Eine Heilung des androgenetischen Haarausfall bei Frauen ist zur Zeit noch nicht möglich, da die erblich bedingte Empfindlichkeit bestimmter Haarfollikel gegenüber dem männlichen Hormon Testosteron nicht zu beheben ist. Die therapeutischen Erwartungen der Patienten sind verständlicherweise sehr hoch. Es ist jedoch allenfalls eine leicht- bis mittelgradige Besserung möglich. Oft ist es aber bereits als Erfolg zu werten, wenn der bestehende Zustand erhalten werden kann. Durch die tägliche Einreibung östrogenhaltiger Lösungen kann das Enzym Ste­roid-5-alpha-Dehidrogenase gehemmt werden. Dadurch wird aus dem vorhandenen Testosteron weniger Dihydrotestosteron gebildet, welches die Miniaturisierung der Haare mit bedingt. Die östrogenhaltigen Lösungen sind verschreibungspflichtig und daher nur über ein ärztliches Rezept zu beziehen.

Minoxidil stellt ein weiteres wirksames Therapeutikum dar. Es ist in Deutschland für Frauen und Männern zugelassen und in Apotheken erhältlich.

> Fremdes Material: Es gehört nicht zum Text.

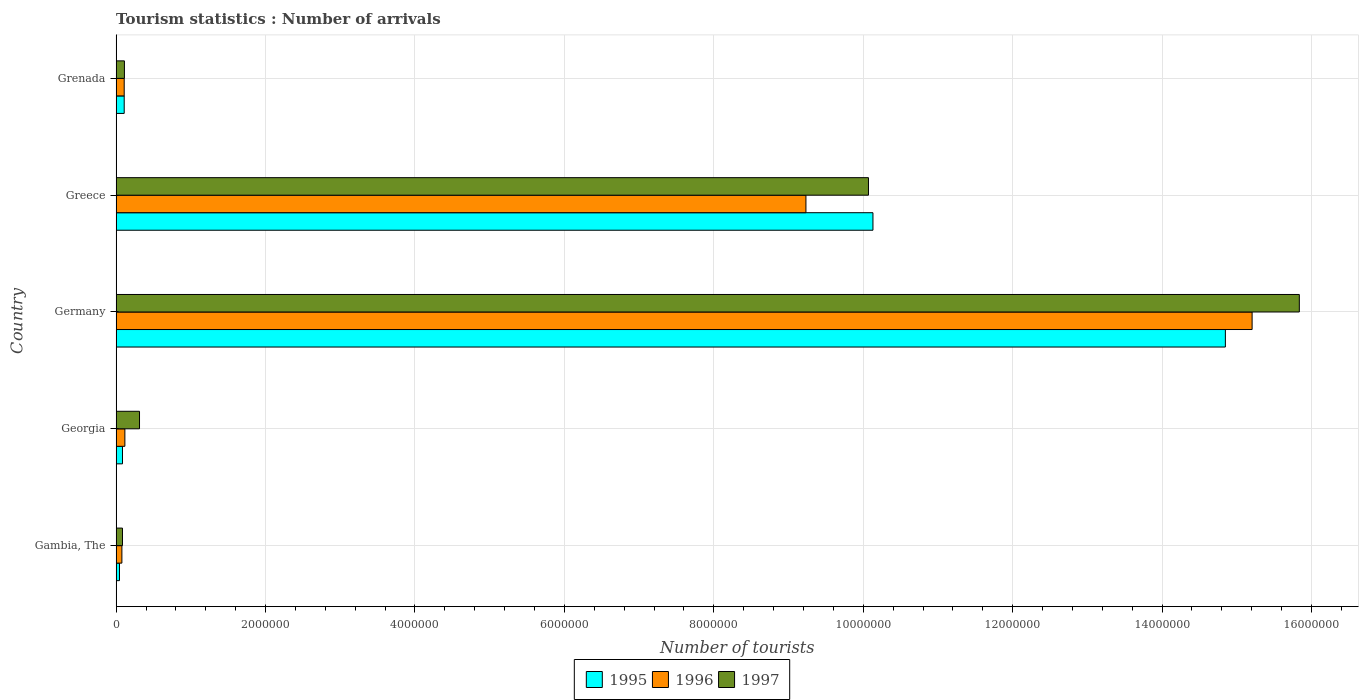How many different coloured bars are there?
Keep it short and to the point. 3. How many groups of bars are there?
Ensure brevity in your answer.  5. Are the number of bars per tick equal to the number of legend labels?
Give a very brief answer. Yes. Are the number of bars on each tick of the Y-axis equal?
Your answer should be very brief. Yes. How many bars are there on the 3rd tick from the bottom?
Provide a succinct answer. 3. What is the label of the 5th group of bars from the top?
Your answer should be compact. Gambia, The. What is the number of tourist arrivals in 1996 in Gambia, The?
Your response must be concise. 7.70e+04. Across all countries, what is the maximum number of tourist arrivals in 1996?
Offer a very short reply. 1.52e+07. Across all countries, what is the minimum number of tourist arrivals in 1995?
Your response must be concise. 4.50e+04. In which country was the number of tourist arrivals in 1996 minimum?
Your answer should be very brief. Gambia, The. What is the total number of tourist arrivals in 1996 in the graph?
Keep it short and to the point. 2.47e+07. What is the difference between the number of tourist arrivals in 1996 in Greece and that in Grenada?
Give a very brief answer. 9.12e+06. What is the difference between the number of tourist arrivals in 1995 in Greece and the number of tourist arrivals in 1996 in Georgia?
Your answer should be compact. 1.00e+07. What is the average number of tourist arrivals in 1997 per country?
Your response must be concise. 5.28e+06. What is the difference between the number of tourist arrivals in 1995 and number of tourist arrivals in 1996 in Georgia?
Keep it short and to the point. -3.20e+04. What is the ratio of the number of tourist arrivals in 1997 in Germany to that in Greece?
Provide a short and direct response. 1.57. What is the difference between the highest and the second highest number of tourist arrivals in 1996?
Your answer should be very brief. 5.97e+06. What is the difference between the highest and the lowest number of tourist arrivals in 1997?
Your answer should be very brief. 1.58e+07. Is the sum of the number of tourist arrivals in 1997 in Germany and Greece greater than the maximum number of tourist arrivals in 1996 across all countries?
Provide a succinct answer. Yes. What does the 1st bar from the top in Georgia represents?
Give a very brief answer. 1997. What does the 3rd bar from the bottom in Greece represents?
Offer a very short reply. 1997. Is it the case that in every country, the sum of the number of tourist arrivals in 1997 and number of tourist arrivals in 1996 is greater than the number of tourist arrivals in 1995?
Your response must be concise. Yes. How many countries are there in the graph?
Offer a terse response. 5. What is the difference between two consecutive major ticks on the X-axis?
Make the answer very short. 2.00e+06. Are the values on the major ticks of X-axis written in scientific E-notation?
Your answer should be very brief. No. Does the graph contain any zero values?
Give a very brief answer. No. Where does the legend appear in the graph?
Keep it short and to the point. Bottom center. What is the title of the graph?
Your response must be concise. Tourism statistics : Number of arrivals. Does "2000" appear as one of the legend labels in the graph?
Your response must be concise. No. What is the label or title of the X-axis?
Provide a short and direct response. Number of tourists. What is the label or title of the Y-axis?
Your answer should be very brief. Country. What is the Number of tourists in 1995 in Gambia, The?
Your response must be concise. 4.50e+04. What is the Number of tourists of 1996 in Gambia, The?
Offer a very short reply. 7.70e+04. What is the Number of tourists in 1997 in Gambia, The?
Provide a short and direct response. 8.50e+04. What is the Number of tourists in 1995 in Georgia?
Your response must be concise. 8.50e+04. What is the Number of tourists in 1996 in Georgia?
Give a very brief answer. 1.17e+05. What is the Number of tourists in 1997 in Georgia?
Your answer should be compact. 3.13e+05. What is the Number of tourists of 1995 in Germany?
Your answer should be compact. 1.48e+07. What is the Number of tourists of 1996 in Germany?
Make the answer very short. 1.52e+07. What is the Number of tourists in 1997 in Germany?
Provide a succinct answer. 1.58e+07. What is the Number of tourists in 1995 in Greece?
Give a very brief answer. 1.01e+07. What is the Number of tourists of 1996 in Greece?
Make the answer very short. 9.23e+06. What is the Number of tourists of 1997 in Greece?
Provide a short and direct response. 1.01e+07. What is the Number of tourists of 1995 in Grenada?
Make the answer very short. 1.08e+05. What is the Number of tourists of 1996 in Grenada?
Ensure brevity in your answer.  1.08e+05. What is the Number of tourists in 1997 in Grenada?
Keep it short and to the point. 1.11e+05. Across all countries, what is the maximum Number of tourists in 1995?
Your response must be concise. 1.48e+07. Across all countries, what is the maximum Number of tourists in 1996?
Offer a terse response. 1.52e+07. Across all countries, what is the maximum Number of tourists of 1997?
Your answer should be compact. 1.58e+07. Across all countries, what is the minimum Number of tourists in 1995?
Your answer should be compact. 4.50e+04. Across all countries, what is the minimum Number of tourists in 1996?
Give a very brief answer. 7.70e+04. Across all countries, what is the minimum Number of tourists in 1997?
Keep it short and to the point. 8.50e+04. What is the total Number of tourists of 1995 in the graph?
Offer a very short reply. 2.52e+07. What is the total Number of tourists in 1996 in the graph?
Provide a short and direct response. 2.47e+07. What is the total Number of tourists in 1997 in the graph?
Your answer should be compact. 2.64e+07. What is the difference between the Number of tourists in 1995 in Gambia, The and that in Georgia?
Provide a succinct answer. -4.00e+04. What is the difference between the Number of tourists of 1997 in Gambia, The and that in Georgia?
Offer a terse response. -2.28e+05. What is the difference between the Number of tourists in 1995 in Gambia, The and that in Germany?
Provide a succinct answer. -1.48e+07. What is the difference between the Number of tourists of 1996 in Gambia, The and that in Germany?
Ensure brevity in your answer.  -1.51e+07. What is the difference between the Number of tourists in 1997 in Gambia, The and that in Germany?
Your answer should be compact. -1.58e+07. What is the difference between the Number of tourists of 1995 in Gambia, The and that in Greece?
Your answer should be compact. -1.01e+07. What is the difference between the Number of tourists of 1996 in Gambia, The and that in Greece?
Make the answer very short. -9.16e+06. What is the difference between the Number of tourists of 1997 in Gambia, The and that in Greece?
Provide a short and direct response. -9.98e+06. What is the difference between the Number of tourists in 1995 in Gambia, The and that in Grenada?
Your answer should be very brief. -6.30e+04. What is the difference between the Number of tourists in 1996 in Gambia, The and that in Grenada?
Provide a short and direct response. -3.10e+04. What is the difference between the Number of tourists in 1997 in Gambia, The and that in Grenada?
Ensure brevity in your answer.  -2.60e+04. What is the difference between the Number of tourists in 1995 in Georgia and that in Germany?
Offer a very short reply. -1.48e+07. What is the difference between the Number of tourists in 1996 in Georgia and that in Germany?
Your answer should be compact. -1.51e+07. What is the difference between the Number of tourists of 1997 in Georgia and that in Germany?
Offer a terse response. -1.55e+07. What is the difference between the Number of tourists of 1995 in Georgia and that in Greece?
Keep it short and to the point. -1.00e+07. What is the difference between the Number of tourists of 1996 in Georgia and that in Greece?
Offer a very short reply. -9.12e+06. What is the difference between the Number of tourists in 1997 in Georgia and that in Greece?
Your answer should be compact. -9.76e+06. What is the difference between the Number of tourists of 1995 in Georgia and that in Grenada?
Make the answer very short. -2.30e+04. What is the difference between the Number of tourists in 1996 in Georgia and that in Grenada?
Offer a terse response. 9000. What is the difference between the Number of tourists of 1997 in Georgia and that in Grenada?
Provide a short and direct response. 2.02e+05. What is the difference between the Number of tourists in 1995 in Germany and that in Greece?
Your answer should be compact. 4.72e+06. What is the difference between the Number of tourists in 1996 in Germany and that in Greece?
Your answer should be compact. 5.97e+06. What is the difference between the Number of tourists of 1997 in Germany and that in Greece?
Ensure brevity in your answer.  5.77e+06. What is the difference between the Number of tourists of 1995 in Germany and that in Grenada?
Give a very brief answer. 1.47e+07. What is the difference between the Number of tourists in 1996 in Germany and that in Grenada?
Provide a short and direct response. 1.51e+07. What is the difference between the Number of tourists in 1997 in Germany and that in Grenada?
Offer a very short reply. 1.57e+07. What is the difference between the Number of tourists in 1995 in Greece and that in Grenada?
Your answer should be very brief. 1.00e+07. What is the difference between the Number of tourists in 1996 in Greece and that in Grenada?
Provide a succinct answer. 9.12e+06. What is the difference between the Number of tourists in 1997 in Greece and that in Grenada?
Offer a terse response. 9.96e+06. What is the difference between the Number of tourists of 1995 in Gambia, The and the Number of tourists of 1996 in Georgia?
Offer a very short reply. -7.20e+04. What is the difference between the Number of tourists in 1995 in Gambia, The and the Number of tourists in 1997 in Georgia?
Give a very brief answer. -2.68e+05. What is the difference between the Number of tourists in 1996 in Gambia, The and the Number of tourists in 1997 in Georgia?
Keep it short and to the point. -2.36e+05. What is the difference between the Number of tourists of 1995 in Gambia, The and the Number of tourists of 1996 in Germany?
Provide a short and direct response. -1.52e+07. What is the difference between the Number of tourists in 1995 in Gambia, The and the Number of tourists in 1997 in Germany?
Give a very brief answer. -1.58e+07. What is the difference between the Number of tourists in 1996 in Gambia, The and the Number of tourists in 1997 in Germany?
Offer a very short reply. -1.58e+07. What is the difference between the Number of tourists of 1995 in Gambia, The and the Number of tourists of 1996 in Greece?
Provide a short and direct response. -9.19e+06. What is the difference between the Number of tourists in 1995 in Gambia, The and the Number of tourists in 1997 in Greece?
Your response must be concise. -1.00e+07. What is the difference between the Number of tourists of 1996 in Gambia, The and the Number of tourists of 1997 in Greece?
Your answer should be very brief. -9.99e+06. What is the difference between the Number of tourists of 1995 in Gambia, The and the Number of tourists of 1996 in Grenada?
Ensure brevity in your answer.  -6.30e+04. What is the difference between the Number of tourists in 1995 in Gambia, The and the Number of tourists in 1997 in Grenada?
Ensure brevity in your answer.  -6.60e+04. What is the difference between the Number of tourists of 1996 in Gambia, The and the Number of tourists of 1997 in Grenada?
Offer a terse response. -3.40e+04. What is the difference between the Number of tourists in 1995 in Georgia and the Number of tourists in 1996 in Germany?
Provide a short and direct response. -1.51e+07. What is the difference between the Number of tourists of 1995 in Georgia and the Number of tourists of 1997 in Germany?
Offer a very short reply. -1.58e+07. What is the difference between the Number of tourists of 1996 in Georgia and the Number of tourists of 1997 in Germany?
Give a very brief answer. -1.57e+07. What is the difference between the Number of tourists in 1995 in Georgia and the Number of tourists in 1996 in Greece?
Your answer should be compact. -9.15e+06. What is the difference between the Number of tourists in 1995 in Georgia and the Number of tourists in 1997 in Greece?
Give a very brief answer. -9.98e+06. What is the difference between the Number of tourists of 1996 in Georgia and the Number of tourists of 1997 in Greece?
Make the answer very short. -9.95e+06. What is the difference between the Number of tourists of 1995 in Georgia and the Number of tourists of 1996 in Grenada?
Offer a terse response. -2.30e+04. What is the difference between the Number of tourists in 1995 in Georgia and the Number of tourists in 1997 in Grenada?
Give a very brief answer. -2.60e+04. What is the difference between the Number of tourists in 1996 in Georgia and the Number of tourists in 1997 in Grenada?
Provide a succinct answer. 6000. What is the difference between the Number of tourists in 1995 in Germany and the Number of tourists in 1996 in Greece?
Offer a terse response. 5.61e+06. What is the difference between the Number of tourists of 1995 in Germany and the Number of tourists of 1997 in Greece?
Keep it short and to the point. 4.78e+06. What is the difference between the Number of tourists of 1996 in Germany and the Number of tourists of 1997 in Greece?
Your answer should be very brief. 5.14e+06. What is the difference between the Number of tourists in 1995 in Germany and the Number of tourists in 1996 in Grenada?
Your answer should be compact. 1.47e+07. What is the difference between the Number of tourists in 1995 in Germany and the Number of tourists in 1997 in Grenada?
Make the answer very short. 1.47e+07. What is the difference between the Number of tourists in 1996 in Germany and the Number of tourists in 1997 in Grenada?
Provide a short and direct response. 1.51e+07. What is the difference between the Number of tourists of 1995 in Greece and the Number of tourists of 1996 in Grenada?
Give a very brief answer. 1.00e+07. What is the difference between the Number of tourists of 1995 in Greece and the Number of tourists of 1997 in Grenada?
Your answer should be compact. 1.00e+07. What is the difference between the Number of tourists in 1996 in Greece and the Number of tourists in 1997 in Grenada?
Make the answer very short. 9.12e+06. What is the average Number of tourists of 1995 per country?
Your response must be concise. 5.04e+06. What is the average Number of tourists of 1996 per country?
Your answer should be compact. 4.95e+06. What is the average Number of tourists of 1997 per country?
Make the answer very short. 5.28e+06. What is the difference between the Number of tourists in 1995 and Number of tourists in 1996 in Gambia, The?
Your answer should be very brief. -3.20e+04. What is the difference between the Number of tourists in 1996 and Number of tourists in 1997 in Gambia, The?
Your answer should be very brief. -8000. What is the difference between the Number of tourists in 1995 and Number of tourists in 1996 in Georgia?
Your response must be concise. -3.20e+04. What is the difference between the Number of tourists of 1995 and Number of tourists of 1997 in Georgia?
Offer a very short reply. -2.28e+05. What is the difference between the Number of tourists in 1996 and Number of tourists in 1997 in Georgia?
Give a very brief answer. -1.96e+05. What is the difference between the Number of tourists of 1995 and Number of tourists of 1996 in Germany?
Keep it short and to the point. -3.58e+05. What is the difference between the Number of tourists of 1995 and Number of tourists of 1997 in Germany?
Keep it short and to the point. -9.90e+05. What is the difference between the Number of tourists of 1996 and Number of tourists of 1997 in Germany?
Make the answer very short. -6.32e+05. What is the difference between the Number of tourists in 1995 and Number of tourists in 1996 in Greece?
Your response must be concise. 8.97e+05. What is the difference between the Number of tourists in 1995 and Number of tourists in 1997 in Greece?
Give a very brief answer. 6.00e+04. What is the difference between the Number of tourists in 1996 and Number of tourists in 1997 in Greece?
Your answer should be compact. -8.37e+05. What is the difference between the Number of tourists of 1995 and Number of tourists of 1997 in Grenada?
Provide a short and direct response. -3000. What is the difference between the Number of tourists of 1996 and Number of tourists of 1997 in Grenada?
Offer a terse response. -3000. What is the ratio of the Number of tourists of 1995 in Gambia, The to that in Georgia?
Offer a terse response. 0.53. What is the ratio of the Number of tourists in 1996 in Gambia, The to that in Georgia?
Give a very brief answer. 0.66. What is the ratio of the Number of tourists of 1997 in Gambia, The to that in Georgia?
Your response must be concise. 0.27. What is the ratio of the Number of tourists of 1995 in Gambia, The to that in Germany?
Your response must be concise. 0. What is the ratio of the Number of tourists of 1996 in Gambia, The to that in Germany?
Make the answer very short. 0.01. What is the ratio of the Number of tourists of 1997 in Gambia, The to that in Germany?
Provide a short and direct response. 0.01. What is the ratio of the Number of tourists in 1995 in Gambia, The to that in Greece?
Your answer should be very brief. 0. What is the ratio of the Number of tourists in 1996 in Gambia, The to that in Greece?
Make the answer very short. 0.01. What is the ratio of the Number of tourists in 1997 in Gambia, The to that in Greece?
Provide a succinct answer. 0.01. What is the ratio of the Number of tourists of 1995 in Gambia, The to that in Grenada?
Offer a terse response. 0.42. What is the ratio of the Number of tourists of 1996 in Gambia, The to that in Grenada?
Offer a very short reply. 0.71. What is the ratio of the Number of tourists of 1997 in Gambia, The to that in Grenada?
Make the answer very short. 0.77. What is the ratio of the Number of tourists in 1995 in Georgia to that in Germany?
Offer a terse response. 0.01. What is the ratio of the Number of tourists in 1996 in Georgia to that in Germany?
Provide a short and direct response. 0.01. What is the ratio of the Number of tourists of 1997 in Georgia to that in Germany?
Your answer should be compact. 0.02. What is the ratio of the Number of tourists in 1995 in Georgia to that in Greece?
Your response must be concise. 0.01. What is the ratio of the Number of tourists of 1996 in Georgia to that in Greece?
Your answer should be very brief. 0.01. What is the ratio of the Number of tourists of 1997 in Georgia to that in Greece?
Your response must be concise. 0.03. What is the ratio of the Number of tourists of 1995 in Georgia to that in Grenada?
Your answer should be very brief. 0.79. What is the ratio of the Number of tourists of 1996 in Georgia to that in Grenada?
Provide a succinct answer. 1.08. What is the ratio of the Number of tourists in 1997 in Georgia to that in Grenada?
Your answer should be very brief. 2.82. What is the ratio of the Number of tourists of 1995 in Germany to that in Greece?
Give a very brief answer. 1.47. What is the ratio of the Number of tourists in 1996 in Germany to that in Greece?
Keep it short and to the point. 1.65. What is the ratio of the Number of tourists of 1997 in Germany to that in Greece?
Give a very brief answer. 1.57. What is the ratio of the Number of tourists of 1995 in Germany to that in Grenada?
Give a very brief answer. 137.47. What is the ratio of the Number of tourists of 1996 in Germany to that in Grenada?
Offer a terse response. 140.79. What is the ratio of the Number of tourists in 1997 in Germany to that in Grenada?
Ensure brevity in your answer.  142.68. What is the ratio of the Number of tourists of 1995 in Greece to that in Grenada?
Your answer should be very brief. 93.8. What is the ratio of the Number of tourists in 1996 in Greece to that in Grenada?
Give a very brief answer. 85.49. What is the ratio of the Number of tourists of 1997 in Greece to that in Grenada?
Offer a very short reply. 90.72. What is the difference between the highest and the second highest Number of tourists in 1995?
Offer a terse response. 4.72e+06. What is the difference between the highest and the second highest Number of tourists of 1996?
Give a very brief answer. 5.97e+06. What is the difference between the highest and the second highest Number of tourists of 1997?
Keep it short and to the point. 5.77e+06. What is the difference between the highest and the lowest Number of tourists of 1995?
Offer a terse response. 1.48e+07. What is the difference between the highest and the lowest Number of tourists of 1996?
Provide a short and direct response. 1.51e+07. What is the difference between the highest and the lowest Number of tourists in 1997?
Make the answer very short. 1.58e+07.

Lokale Östrogene und Minoxidil werden oft auch in Rezepturen kombiniert verabreicht. Andere auf dem freien Markt erhältliche Mittel haben bei dieser Form des Haarausfalls keine Wirksamkeit. Die Antibabypille ist ein oft sehr wirkungsvolles Therapeutikum gegen diese Form des Haarausfalls. Das wird vielen Frauen auch dann bewusst, wenn sie die Pille abgesetzt haben und in den folgenden Wochen und Monaten einen mehr oder weniger deutlichen Haarausfall bemerken. In Absprache mit dem Frauenarzt kann deshalb auch die "Pille" durch ihre wirksamen Hormone als haarerhaltende Therapie eingesetzt werden. Neben dem hormonellen Anteil des antiandrogen wirkenden Gestagens können auch Kombinationen verordnet werden, die am Androgenrezeptor des Haarfollikels andocken und somit an dieser Stelle das eigentlich sich anbringende Testosteron verdrängen. In der Regel wird ein Antiandrogen (z. B. Chlormadinon­ace­tat) mit einem Östrogen kombiniert. Erst in sehr ausgeprägten Fällen kann zusätzlich das antiandrogen wirkende Cyproteronacetat eingesetzt werden.

Transplantation

In seltenen Fällen ist der Haarausfall so massiv, dass eine Haartransplantation in Erwägung gezogen wird. Bei der Transplantation werden Haut und Haare vom Hinterkopf oder der seitlichen Region entnommen und in die haarfreie Zone im Rahmen einer sehr aufwändigen Operation eingepflanzt. Hierbei macht man sich den Umstand zu nutze, dass die Haarschäfte am Hinterhaupt nicht auf das männliche Hormon Testosteron überempfindlich reagieren und daher ein gesundes gut wachsendes Haar ausbilden.

Kosmetische Verbesserung

Ist der Haarverlust sehr fortgeschritten, kann auch durch eine Haartransplantation nicht mehr ein befriedigendes Ergebnis erzielt werden. Durch das Tragen eines Haarteils oder eine Perücke kann wenigstens eine optische Auffälligkeit einigermaßen kompensiert werden.

Ausblick

Die Möglichkeiten der Therapie der androgenetischen Alopecie der Frau sind begrenzt und noch nicht befriedigend. Die zur Verfügung stehenden Therapeutika reichen zurzeit noch nicht aus, um ein vollständiges Haarwachstum wiederherzustellen. Das dürfte erst dann zu verwirklichen sein, wenn aufgrund der Erforschung der verantwortlichen menschlichen Gene oder Enzyme neue Medikamente entwickelt werden, die erreichen, dass aus einem miniaturisierten wieder ein kräftiges und Fülle gebendes Haar entstehen kann.